In this assignment, you will develop a Microsoft Access database application for problem
reporting and tracking.

The database structure will consist of three different entities:

1. Employees - these are the people who are responsible for handling the problems as
   they arise.
2. Problems - these are incidents, malfunctions, bugs, performance difficulties, etc. that
   are reported by the users.
3. Actions - these are the procedures that the employees use as they attempt to resolve
   the problems.


The relationships between these entities is illustrated below:


     Employees                         Problems                           Actions
                  1                n                 1               n


Thus, we will be assuming that an employee may work on several problems, but each
problem is worked on by only a single employee. Likewise, a problem may have several
actions associated with it, but each action deals with a single problem. This is the classic
one-to-many relationship found in most multi-table database structures. It is possible to
implement many-to-many relationships in Microsoft Access, but it is more complicated,
and we will not be doing it in this exercise.

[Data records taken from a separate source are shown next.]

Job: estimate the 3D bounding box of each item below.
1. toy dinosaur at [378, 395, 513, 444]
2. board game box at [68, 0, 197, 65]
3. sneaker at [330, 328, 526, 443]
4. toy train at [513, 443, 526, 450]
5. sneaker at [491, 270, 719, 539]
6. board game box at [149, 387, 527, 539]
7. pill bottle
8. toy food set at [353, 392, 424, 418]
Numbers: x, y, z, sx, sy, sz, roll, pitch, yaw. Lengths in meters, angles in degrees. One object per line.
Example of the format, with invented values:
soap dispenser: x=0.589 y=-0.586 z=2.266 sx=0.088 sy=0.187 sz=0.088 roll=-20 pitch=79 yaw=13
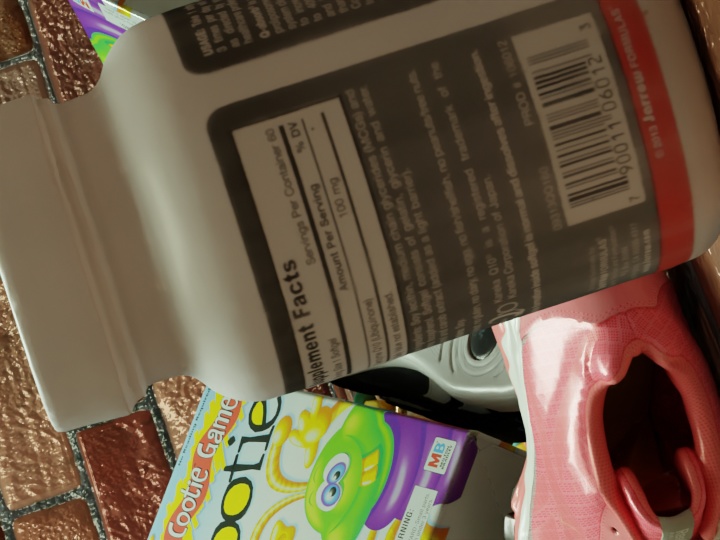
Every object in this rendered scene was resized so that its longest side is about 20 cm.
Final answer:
toy dinosaur: x=0.000 y=0.000 z=1.273 sx=0.200 sy=0.106 sz=0.060 roll=53 pitch=-146 yaw=-25
board game box: x=-0.049 y=-0.108 z=1.370 sx=0.103 sy=0.105 sz=0.200 roll=26 pitch=163 yaw=21
sneaker: x=0.066 y=0.028 z=1.161 sx=0.200 sy=0.112 sz=0.073 roll=4 pitch=76 yaw=55
toy train: x=0.050 y=0.040 z=1.448 sx=0.200 sy=0.056 sz=0.150 roll=-160 pitch=51 yaw=-85
sneaker: x=0.087 y=0.077 z=0.977 sx=0.087 sy=0.074 sz=0.200 roll=-117 pitch=9 yaw=-56
board game box: x=0.011 y=0.113 z=1.146 sx=0.200 sy=0.103 sz=0.105 roll=8 pitch=76 yaw=60
pill bottle: x=-0.006 y=-0.030 z=0.854 sx=0.116 sy=0.200 sz=0.116 roll=162 pitch=90 yaw=-86
toy food set: x=0.043 y=0.139 z=1.555 sx=0.200 sy=0.049 sz=0.198 roll=15 pitch=-110 yaw=-74
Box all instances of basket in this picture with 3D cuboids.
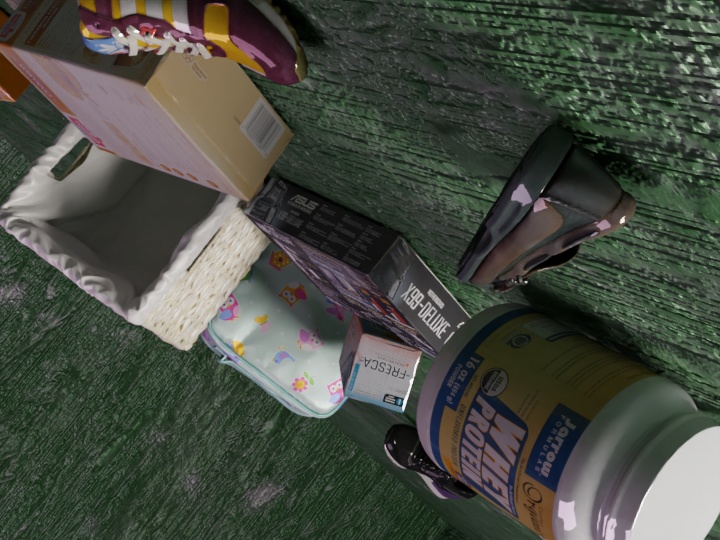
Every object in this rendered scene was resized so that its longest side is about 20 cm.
[{"bbox_3d":[-0.215,-0.056,1.318,0.200,0.198,0.161,34,171,19],"label":"basket"}]

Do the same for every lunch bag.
[{"bbox_3d":[-0.082,0.067,1.493,0.200,0.161,0.077,39,170,-11],"label":"lunch bag"}]

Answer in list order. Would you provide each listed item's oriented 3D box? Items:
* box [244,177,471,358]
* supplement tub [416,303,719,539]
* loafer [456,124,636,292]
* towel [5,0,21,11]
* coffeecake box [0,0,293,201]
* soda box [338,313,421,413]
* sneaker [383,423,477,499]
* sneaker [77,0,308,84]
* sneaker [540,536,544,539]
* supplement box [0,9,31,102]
[{"bbox_3d":[0.000,0.000,1.224,0.200,0.050,0.158,27,165,48],"label":"box"},{"bbox_3d":[0.155,0.123,0.953,0.200,0.145,0.145,29,167,41],"label":"supplement tub"},{"bbox_3d":[0.101,-0.019,0.739,0.063,0.072,0.200,32,168,3],"label":"loafer"},{"bbox_3d":[-0.280,-0.254,1.161,0.192,0.035,0.200,28,164,33],"label":"towel"},{"bbox_3d":[-0.177,-0.148,1.054,0.200,0.073,0.154,20,161,38],"label":"coffeecake box"},{"bbox_3d":[0.017,0.088,1.342,0.063,0.069,0.200,16,-175,-3],"label":"soda box"},{"bbox_3d":[0.129,0.323,2.214,0.200,0.076,0.087,40,156,-31],"label":"sneaker"},{"bbox_3d":[-0.127,-0.161,0.833,0.200,0.090,0.075,36,170,15],"label":"sneaker"},{"bbox_3d":[0.315,0.391,1.783,0.200,0.076,0.077,40,174,-18],"label":"sneaker"},{"bbox_3d":[-0.459,-0.271,1.568,0.126,0.074,0.200,43,169,-23],"label":"supplement box"}]
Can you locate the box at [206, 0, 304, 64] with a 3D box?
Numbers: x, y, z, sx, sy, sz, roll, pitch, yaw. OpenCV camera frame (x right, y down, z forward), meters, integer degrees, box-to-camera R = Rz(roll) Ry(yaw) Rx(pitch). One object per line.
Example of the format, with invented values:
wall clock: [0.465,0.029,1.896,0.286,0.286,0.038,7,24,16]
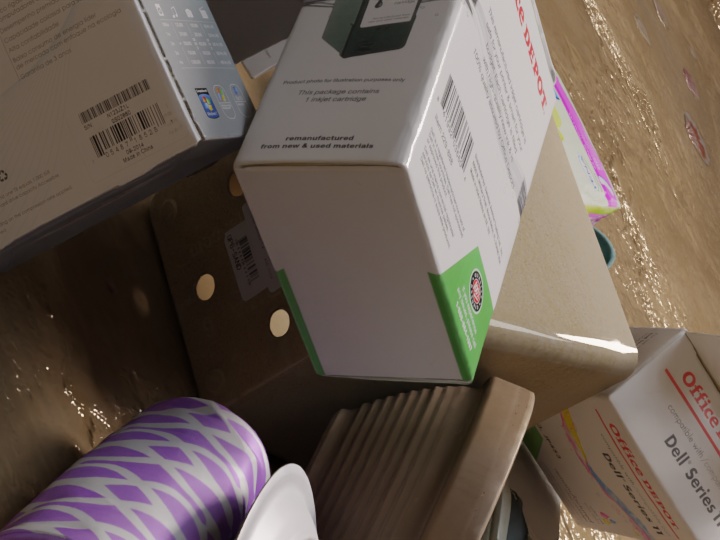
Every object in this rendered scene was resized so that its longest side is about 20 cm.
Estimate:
box: [-0.119,-0.208,1.080,0.199,0.200,0.131,43,31,-43]

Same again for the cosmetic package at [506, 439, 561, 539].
cosmetic package: [0.073,0.109,1.345,0.113,0.081,0.200,56,23,-20]

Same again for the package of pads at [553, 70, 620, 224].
package of pads: [0.143,-0.104,1.776,0.200,0.068,0.155,2,63,-66]

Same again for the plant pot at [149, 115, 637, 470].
plant pot: [0.000,0.000,1.163,0.177,0.200,0.200,9,57,-49]

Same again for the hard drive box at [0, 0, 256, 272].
hard drive box: [-0.158,-0.116,0.940,0.200,0.156,0.077,66,21,3]

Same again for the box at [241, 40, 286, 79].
box: [-0.102,-0.236,1.342,0.200,0.041,0.156,59,11,-19]

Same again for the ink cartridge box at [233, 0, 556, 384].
ink cartridge box: [0.024,-0.067,0.996,0.146,0.084,0.200,70,29,-42]

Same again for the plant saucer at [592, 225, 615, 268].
plant saucer: [0.069,-0.014,1.389,0.200,0.200,0.036,-50,152,-68]

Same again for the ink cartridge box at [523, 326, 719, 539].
ink cartridge box: [0.167,0.097,1.219,0.117,0.067,0.200,56,-19,-11]

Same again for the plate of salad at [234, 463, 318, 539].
plate of salad: [-0.057,0.182,0.916,0.200,0.048,0.200,10,90,-77]

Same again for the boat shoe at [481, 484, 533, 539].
boat shoe: [0.061,0.206,1.178,0.062,0.073,0.200,54,37,-36]

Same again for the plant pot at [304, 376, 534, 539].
plant pot: [0.008,0.135,1.073,0.093,0.201,0.201,25,25,2]

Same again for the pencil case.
pencil case: [-0.102,0.122,0.910,0.200,0.084,0.086,-41,140,-67]
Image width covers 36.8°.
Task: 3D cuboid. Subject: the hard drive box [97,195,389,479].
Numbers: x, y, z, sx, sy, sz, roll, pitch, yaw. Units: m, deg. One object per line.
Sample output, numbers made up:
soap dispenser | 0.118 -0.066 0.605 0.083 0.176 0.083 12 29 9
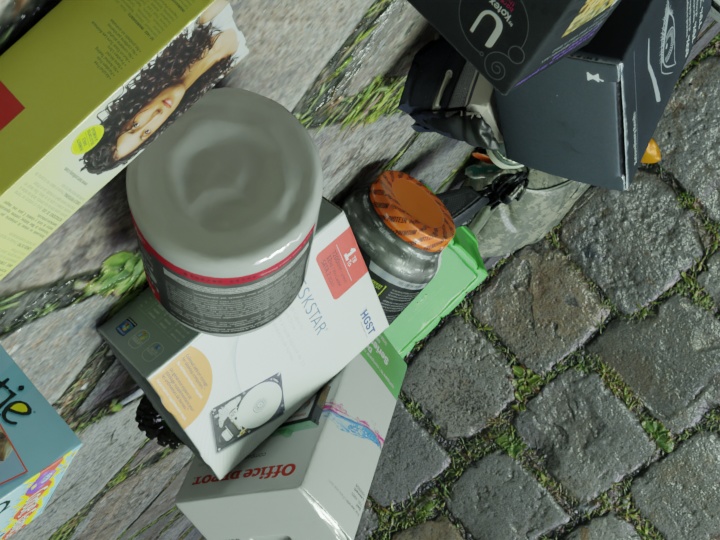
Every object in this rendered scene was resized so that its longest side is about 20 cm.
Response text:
hard drive box | -0.088 0.046 0.884 0.200 0.077 0.156 -42 140 -16

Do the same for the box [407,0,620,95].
box | 0.115 -0.220 0.613 0.106 0.122 0.200 -35 168 -40

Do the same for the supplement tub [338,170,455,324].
supplement tub | 0.000 0.000 1.117 0.200 0.123 0.122 -48 170 28

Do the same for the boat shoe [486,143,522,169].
boat shoe | 0.222 -0.178 1.151 0.200 0.073 0.062 -34 173 -15

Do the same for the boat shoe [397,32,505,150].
boat shoe | 0.100 -0.194 0.882 0.075 0.092 0.201 50 58 -49

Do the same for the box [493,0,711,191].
box | 0.185 -0.188 0.810 0.201 0.104 0.148 -60 153 -23

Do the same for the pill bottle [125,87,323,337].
pill bottle | -0.085 -0.022 0.682 0.111 0.111 0.200 -41 170 -17

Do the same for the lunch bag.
lunch bag | 0.219 -0.116 1.493 0.168 0.139 0.200 -38 169 -35

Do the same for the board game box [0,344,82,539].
board game box | -0.269 0.129 0.579 0.200 0.105 0.103 -34 168 -43

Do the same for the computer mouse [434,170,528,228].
computer mouse | 0.088 -0.057 1.201 0.199 0.053 0.138 -15 179 -5

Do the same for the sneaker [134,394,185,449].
sneaker | -0.151 0.074 1.009 0.200 0.078 0.085 -54 -170 36

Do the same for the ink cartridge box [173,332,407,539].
ink cartridge box | -0.058 0.146 0.968 0.144 0.084 0.201 -14 -143 32

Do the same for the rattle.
rattle | 0.228 -0.125 1.227 0.130 0.143 0.200 -25 -167 48

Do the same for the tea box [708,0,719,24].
tea box | 0.468 -0.406 1.281 0.197 0.134 0.200 -45 171 17

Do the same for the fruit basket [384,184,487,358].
fruit basket | 0.047 -0.004 1.383 0.215 0.155 0.216 -29 -142 26

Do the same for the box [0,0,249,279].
box | -0.140 -0.057 0.471 0.200 0.050 0.075 -43 171 -2

In this exercise, you will gain experience doing the following:

1.   Creating and editing a MS Access Database
2.   Building data tables, entering fields, and identifying primary keys
3.   Establishing one-to-many relationships between tables
4.   Creating standard queries in MS Access
5.   Creating and customizing forms for manipulating records
6.   Creating and customizing forms for overall control of your application
7.   Creating reports
8.   Creating a macro that allows you to run your application directly from the Windows
     Desktop or Start Menu.


Step 1: Creating the Database
   Start up MS Access. Depending on your computer’s settings, this may be done in
    either of the following ways:
     From the top MS Office Toolbar, click the MS Access button (with the picture of
        a key).
     OR, from the Start Button, find the MS Access application an run it
     OR, from the Start button, choose the Run option and type in MSAccess
   You may be prompted to with an option to create a new database. If so, select “Blank
    database” as your option. Otherwise, select File/New Database to initially create your
    database, and select Blank Database as your option.
   The File New Database Dialog will appear. Select a name for your database (such as
    Problem Log).
   Your database has now been created.
   A Database Window now appears with an “Objects Bar” on the left for Tables,
    Queries, Forms, Reports, Pages, Macro, and Module. From now on, whenever you
    enter MS Access and open your database, you will be presented with this window.
Step 2: Create the Employee Table

   Make sure that Tables is selected from the Objects Bar. This is the default setting in
    the Database Dialog.
   For this table, we will use the Table wizard. Double-click on “Create table by using
    wizard” in the database window. A wizard will take you through the steps. There is a
    sample employees table that you can use. If you use this, you will have several extra
    fields that are not necessary for our exercise. Select only the fields listed below.
         Employee ID - this is the primary key, and should be of type AutoNumber.
             AutoNumber is an integer type that simply increments each time a new record
             is added to the table.
         Last Name - should be of type Text
         First Name - also of type Text
   In the last step of the wizard, choose to modify the table design. This enables you to
    define the fields. After you have reviewed the fields you can close the Table Design
    View.
   You may now want to enter some data into the table, so click the Open toolbar button
    at the top of the Database window. You are presented with the DataSheet View, from
    which you can enter data. Don’t enter data into the Employee ID field; this is
    automatically incremented (as a AutoNumber field). The Last Name and First Name
    fields, however, should be filled. Enter five or six employee records.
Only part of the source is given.